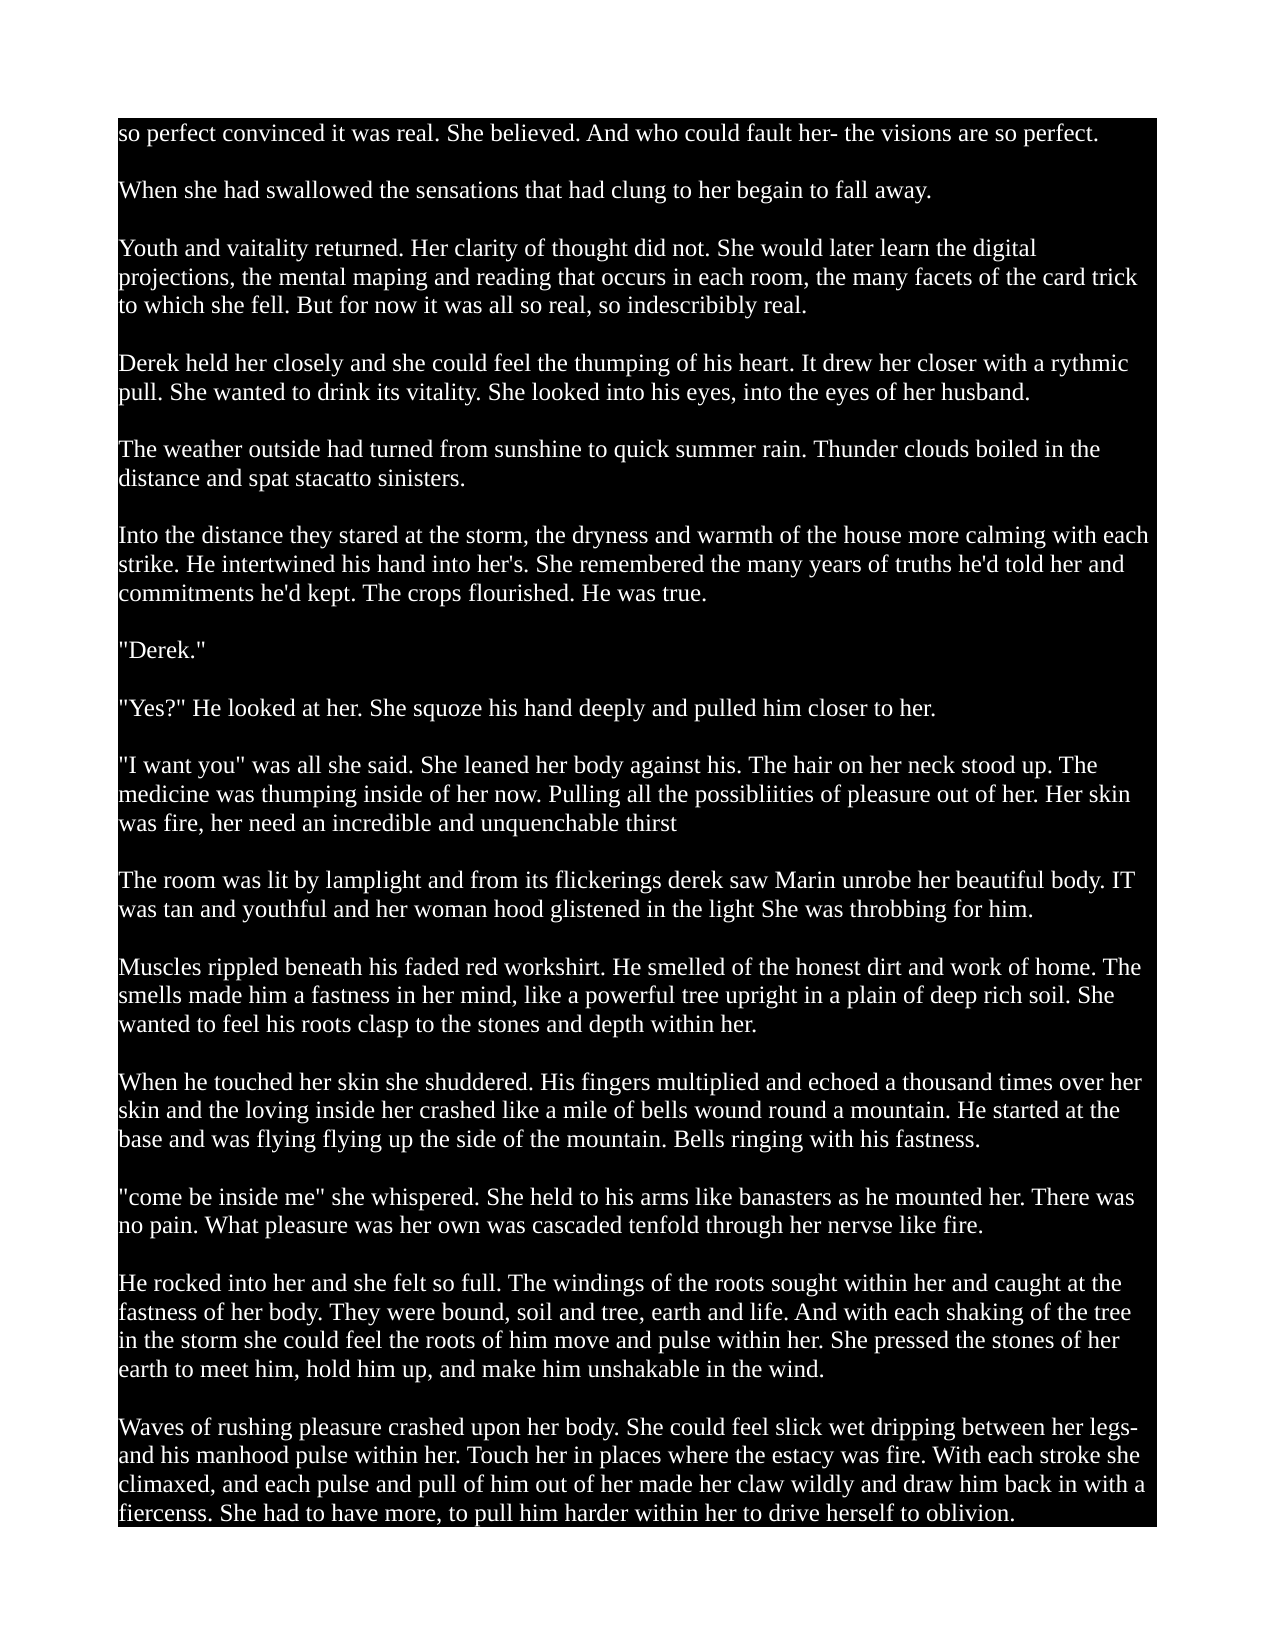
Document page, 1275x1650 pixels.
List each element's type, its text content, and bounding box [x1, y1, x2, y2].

text The weather outside had turned from sunshine to quick summer rain. Thunder clouds boiled in the distance and spat stacatto sinisters. Into the distance they stared at the storm, the dryness and warmth of the house more calming with each strike. He intertwined his hand into her's. She remembered the many years of truths he'd told her and commitments he'd kept. The crops flourished. He was true. [118, 434, 1157, 607]
text Youth and vaitality returned. Her clarity of thought did not. She would later learn the digital projections, the mental maping and reading that occurs in each room, the many facets of the card trick to which she fell. But for now it was all so real, so indescribibly real. [118, 233, 1157, 319]
text Muscles rippled beneath his faded red workshirt. He smelled of the honest dirt and work of home. The smells made him a fastness in her mind, like a powerful tree upright in a plain of deep rich soil. She wanted to feel his roots clasp to the stones and depth within her. [118, 952, 1157, 1038]
text so perfect convinced it was real. She believed. And who could fault her- the visions are so perfect. [118, 118, 1157, 147]
text "Yes?" He looked at her. She squoze his hand deeply and pulled him closer to her. "I want you" was all she said. She leaned her body against his. The hair on her neck stood up. The medicine was thumping inside of her now. Pulling all the possibliities of pleasure out of her. Her skin was fire, her need an incredible and unquenchable thirst [118, 693, 1157, 837]
text The room was lit by lamplight and from its flickerings derek saw Marin unrobe her beautiful body. IT was tan and youthful and her woman hood glistened in the light She was throbbing for him. [118, 866, 1157, 923]
text Waves of rushing pleasure crashed upon her body. She could feel slick wet dripping between her legs- and his manhood pulse within her. Touch her in places where the estacy was fire. With each stroke she climaxed, and each pulse and pull of him out of her made her claw wildly and draw him back in with a fiercenss. She had to have more, to pull him harder within her to drive herself to oblivion. [118, 1412, 1157, 1527]
text "Derek." [118, 636, 1157, 664]
text Derek held her closely and she could feel the thumping of his heart. It drew her closer with a rythmic pull. She wanted to drink its vitality. She looked into his eyes, into the eyes of her husband. [118, 348, 1157, 406]
text When she had swallowed the sensations that had clung to her begain to fall away. [118, 176, 1157, 204]
text When he touched her skin she shuddered. His fingers multiplied and echoed a thousand times over her skin and the loving inside her crashed like a mile of bells wound round a mountain. He started at the base and was flying flying up the side of the mountain. Bells ringing with his fastness. "come be inside me" she whispered. She held to his arms like banasters as he mounted her. There was no pain. What pleasure was her own was cascaded tenfold through her nervse like fire. He rocked into her and she felt so full. The windings of the roots sought within her and caught at the fastness of her body. They were bound, soil and tree, earth and life. And with each shaking of the tree in the storm she could feel the roots of him move and pulse within her. She pressed the stones of her earth to meet him, hold him up, and make him unshakable in the wind. [118, 1067, 1157, 1383]
● ● ● ● ●
== What you have to do ==
Output the material above exactly, but only from the line that carries "text Derek held" through the line that carries "text When she".

== Solution for this problem ==
text Derek held her closely and she could feel the thumping of his heart. It drew her closer with a rythmic pull. She wanted to drink its vitality. She looked into his eyes, into the eyes of her husband. [118, 348, 1157, 406]
text When she had swallowed the sensations that had clung to her begain to fall away. [118, 176, 1157, 204]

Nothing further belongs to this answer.